(Supplied data Opens)

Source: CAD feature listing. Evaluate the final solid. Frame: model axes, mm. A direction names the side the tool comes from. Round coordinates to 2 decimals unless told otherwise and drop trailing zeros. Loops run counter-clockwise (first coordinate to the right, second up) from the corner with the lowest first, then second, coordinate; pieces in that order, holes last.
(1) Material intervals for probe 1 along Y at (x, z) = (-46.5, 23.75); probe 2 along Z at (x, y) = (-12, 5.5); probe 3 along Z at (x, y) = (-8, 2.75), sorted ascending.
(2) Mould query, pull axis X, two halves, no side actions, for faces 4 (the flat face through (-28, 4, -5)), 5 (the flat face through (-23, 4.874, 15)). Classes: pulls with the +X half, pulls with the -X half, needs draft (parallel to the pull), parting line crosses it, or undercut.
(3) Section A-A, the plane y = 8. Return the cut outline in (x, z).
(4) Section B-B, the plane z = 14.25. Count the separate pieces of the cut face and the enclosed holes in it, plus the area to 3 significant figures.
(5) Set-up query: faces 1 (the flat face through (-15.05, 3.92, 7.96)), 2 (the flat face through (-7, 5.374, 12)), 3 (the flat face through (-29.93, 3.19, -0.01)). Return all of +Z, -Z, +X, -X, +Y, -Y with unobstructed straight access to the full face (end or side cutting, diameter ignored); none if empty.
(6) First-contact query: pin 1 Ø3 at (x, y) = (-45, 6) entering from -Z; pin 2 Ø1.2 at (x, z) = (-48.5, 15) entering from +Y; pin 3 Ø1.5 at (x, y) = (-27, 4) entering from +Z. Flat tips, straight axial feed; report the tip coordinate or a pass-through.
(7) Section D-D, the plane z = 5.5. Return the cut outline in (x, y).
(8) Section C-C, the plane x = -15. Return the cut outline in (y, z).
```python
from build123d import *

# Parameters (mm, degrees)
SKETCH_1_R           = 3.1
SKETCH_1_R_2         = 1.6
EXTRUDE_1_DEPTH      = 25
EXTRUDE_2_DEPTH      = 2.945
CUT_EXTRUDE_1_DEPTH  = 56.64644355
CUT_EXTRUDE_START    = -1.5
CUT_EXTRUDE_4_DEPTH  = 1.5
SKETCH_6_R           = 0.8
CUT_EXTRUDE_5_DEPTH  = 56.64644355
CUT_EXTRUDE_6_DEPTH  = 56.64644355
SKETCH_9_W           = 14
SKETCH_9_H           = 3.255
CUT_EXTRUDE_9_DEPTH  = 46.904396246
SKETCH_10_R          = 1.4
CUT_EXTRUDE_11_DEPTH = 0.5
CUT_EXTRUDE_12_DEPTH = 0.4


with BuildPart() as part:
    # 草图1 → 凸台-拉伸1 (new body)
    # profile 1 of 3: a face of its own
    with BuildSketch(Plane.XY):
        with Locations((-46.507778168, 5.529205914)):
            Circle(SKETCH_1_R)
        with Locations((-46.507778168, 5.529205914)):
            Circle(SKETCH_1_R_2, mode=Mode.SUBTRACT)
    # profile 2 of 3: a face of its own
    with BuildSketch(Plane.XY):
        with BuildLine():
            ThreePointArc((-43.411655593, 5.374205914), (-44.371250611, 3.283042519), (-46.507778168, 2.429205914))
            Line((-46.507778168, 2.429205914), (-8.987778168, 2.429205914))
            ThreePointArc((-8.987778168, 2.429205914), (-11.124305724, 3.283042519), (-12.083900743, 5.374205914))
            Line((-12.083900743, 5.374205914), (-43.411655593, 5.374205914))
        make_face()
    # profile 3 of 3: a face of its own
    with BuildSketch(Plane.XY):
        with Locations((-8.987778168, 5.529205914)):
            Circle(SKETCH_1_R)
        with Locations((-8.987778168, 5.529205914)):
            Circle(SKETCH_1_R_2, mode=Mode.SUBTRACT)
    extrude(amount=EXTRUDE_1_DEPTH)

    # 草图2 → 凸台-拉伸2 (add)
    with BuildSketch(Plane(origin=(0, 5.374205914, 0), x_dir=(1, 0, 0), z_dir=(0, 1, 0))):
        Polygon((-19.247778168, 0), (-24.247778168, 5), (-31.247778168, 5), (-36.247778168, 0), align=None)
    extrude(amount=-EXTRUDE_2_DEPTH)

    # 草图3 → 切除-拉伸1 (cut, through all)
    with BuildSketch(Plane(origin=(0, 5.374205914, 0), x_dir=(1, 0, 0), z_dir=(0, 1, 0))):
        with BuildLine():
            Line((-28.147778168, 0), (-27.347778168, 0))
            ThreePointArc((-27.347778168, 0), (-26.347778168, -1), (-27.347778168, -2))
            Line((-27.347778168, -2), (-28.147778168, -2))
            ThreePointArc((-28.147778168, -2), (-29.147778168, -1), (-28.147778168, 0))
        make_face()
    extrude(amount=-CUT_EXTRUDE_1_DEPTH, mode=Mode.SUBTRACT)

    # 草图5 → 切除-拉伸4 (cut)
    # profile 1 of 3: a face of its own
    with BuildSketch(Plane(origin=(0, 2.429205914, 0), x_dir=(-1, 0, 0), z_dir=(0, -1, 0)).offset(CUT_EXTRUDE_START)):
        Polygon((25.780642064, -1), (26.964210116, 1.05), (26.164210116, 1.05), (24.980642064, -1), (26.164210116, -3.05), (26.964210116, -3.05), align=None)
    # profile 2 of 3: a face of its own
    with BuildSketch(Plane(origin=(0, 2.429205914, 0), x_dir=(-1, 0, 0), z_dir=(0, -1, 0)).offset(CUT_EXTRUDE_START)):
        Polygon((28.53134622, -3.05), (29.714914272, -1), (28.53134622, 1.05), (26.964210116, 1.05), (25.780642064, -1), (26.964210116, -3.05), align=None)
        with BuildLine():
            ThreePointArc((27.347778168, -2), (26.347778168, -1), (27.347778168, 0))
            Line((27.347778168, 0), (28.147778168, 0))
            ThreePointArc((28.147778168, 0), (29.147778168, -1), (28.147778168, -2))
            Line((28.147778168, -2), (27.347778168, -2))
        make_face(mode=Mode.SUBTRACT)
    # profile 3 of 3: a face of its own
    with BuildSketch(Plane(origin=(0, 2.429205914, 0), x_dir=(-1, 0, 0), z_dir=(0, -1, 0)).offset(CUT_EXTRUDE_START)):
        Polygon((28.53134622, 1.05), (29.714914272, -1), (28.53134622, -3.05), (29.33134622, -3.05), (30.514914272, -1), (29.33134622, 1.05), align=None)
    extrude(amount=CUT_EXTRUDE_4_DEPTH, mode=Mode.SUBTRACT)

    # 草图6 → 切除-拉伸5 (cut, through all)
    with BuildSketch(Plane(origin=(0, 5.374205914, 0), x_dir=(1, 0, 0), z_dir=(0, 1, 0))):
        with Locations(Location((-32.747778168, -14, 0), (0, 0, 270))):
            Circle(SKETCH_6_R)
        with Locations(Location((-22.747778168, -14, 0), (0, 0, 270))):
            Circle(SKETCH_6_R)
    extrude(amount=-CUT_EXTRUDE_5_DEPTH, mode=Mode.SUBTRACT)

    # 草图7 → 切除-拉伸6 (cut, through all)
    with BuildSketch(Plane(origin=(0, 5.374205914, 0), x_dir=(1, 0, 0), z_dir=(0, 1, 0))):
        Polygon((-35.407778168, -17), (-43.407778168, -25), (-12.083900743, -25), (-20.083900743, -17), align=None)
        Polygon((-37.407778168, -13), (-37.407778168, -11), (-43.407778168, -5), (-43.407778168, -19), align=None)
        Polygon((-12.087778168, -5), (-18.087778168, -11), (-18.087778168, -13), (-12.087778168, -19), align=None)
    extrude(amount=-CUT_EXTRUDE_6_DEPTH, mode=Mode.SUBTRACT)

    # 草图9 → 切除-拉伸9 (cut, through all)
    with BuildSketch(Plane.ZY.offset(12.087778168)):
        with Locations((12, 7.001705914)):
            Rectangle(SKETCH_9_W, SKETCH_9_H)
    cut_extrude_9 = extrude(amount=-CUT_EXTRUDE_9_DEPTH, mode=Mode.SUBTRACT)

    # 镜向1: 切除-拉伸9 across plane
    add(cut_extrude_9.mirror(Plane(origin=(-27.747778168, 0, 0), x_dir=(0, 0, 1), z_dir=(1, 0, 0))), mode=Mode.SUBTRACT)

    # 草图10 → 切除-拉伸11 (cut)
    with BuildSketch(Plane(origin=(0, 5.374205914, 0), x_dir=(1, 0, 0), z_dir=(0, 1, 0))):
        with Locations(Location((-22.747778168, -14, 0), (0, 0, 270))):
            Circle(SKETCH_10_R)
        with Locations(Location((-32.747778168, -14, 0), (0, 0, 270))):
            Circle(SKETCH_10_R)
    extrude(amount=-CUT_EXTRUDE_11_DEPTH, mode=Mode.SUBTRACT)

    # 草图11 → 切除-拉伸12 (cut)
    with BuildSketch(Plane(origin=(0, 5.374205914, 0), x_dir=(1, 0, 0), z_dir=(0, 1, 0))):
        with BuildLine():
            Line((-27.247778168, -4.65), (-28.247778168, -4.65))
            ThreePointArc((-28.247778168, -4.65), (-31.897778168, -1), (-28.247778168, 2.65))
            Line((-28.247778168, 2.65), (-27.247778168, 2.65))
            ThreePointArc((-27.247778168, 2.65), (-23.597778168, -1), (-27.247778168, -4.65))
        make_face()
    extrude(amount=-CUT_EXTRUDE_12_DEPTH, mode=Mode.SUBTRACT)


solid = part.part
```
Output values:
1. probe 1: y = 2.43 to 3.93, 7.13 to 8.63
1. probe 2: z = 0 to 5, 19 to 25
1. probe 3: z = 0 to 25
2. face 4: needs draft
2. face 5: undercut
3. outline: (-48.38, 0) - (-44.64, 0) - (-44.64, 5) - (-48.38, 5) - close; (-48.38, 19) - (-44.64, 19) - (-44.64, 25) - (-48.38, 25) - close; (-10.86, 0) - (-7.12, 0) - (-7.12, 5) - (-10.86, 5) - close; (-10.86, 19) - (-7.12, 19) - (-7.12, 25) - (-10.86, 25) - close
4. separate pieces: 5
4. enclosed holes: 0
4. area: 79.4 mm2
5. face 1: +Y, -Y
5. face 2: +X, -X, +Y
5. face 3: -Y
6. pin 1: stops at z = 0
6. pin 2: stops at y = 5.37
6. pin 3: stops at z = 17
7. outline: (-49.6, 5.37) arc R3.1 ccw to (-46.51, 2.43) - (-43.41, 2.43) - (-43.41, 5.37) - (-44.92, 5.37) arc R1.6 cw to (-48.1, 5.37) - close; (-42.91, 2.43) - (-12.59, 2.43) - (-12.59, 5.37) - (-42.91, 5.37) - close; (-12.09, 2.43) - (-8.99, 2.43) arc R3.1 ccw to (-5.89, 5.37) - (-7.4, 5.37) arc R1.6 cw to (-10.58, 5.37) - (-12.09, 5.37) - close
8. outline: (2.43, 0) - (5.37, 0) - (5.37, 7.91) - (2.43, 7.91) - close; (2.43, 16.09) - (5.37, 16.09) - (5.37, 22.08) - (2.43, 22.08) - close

(Supplied data Closes)

[What you are asked to do]: Write out each line of the data that holds the string "coordinate".

[Expected answer]:
Source: CAD feature listing. Evaluate the final solid. Frame: model axes, mm. A direction names the side the tool comes from. Round coordinates to 2 decimals unless told otherwise and drop trailing zeros. Loops run counter-clockwise (first coordinate to the right, second up) from the corner with the lowest first, then second, coordinate; pieces in that order, holes last.
(6) First-contact query: pin 1 Ø3 at (x, y) = (-45, 6) entering from -Z; pin 2 Ø1.2 at (x, z) = (-48.5, 15) entering from +Y; pin 3 Ø1.5 at (x, y) = (-27, 4) entering from +Z. Flat tips, straight axial feed; report the tip coordinate or a pass-through.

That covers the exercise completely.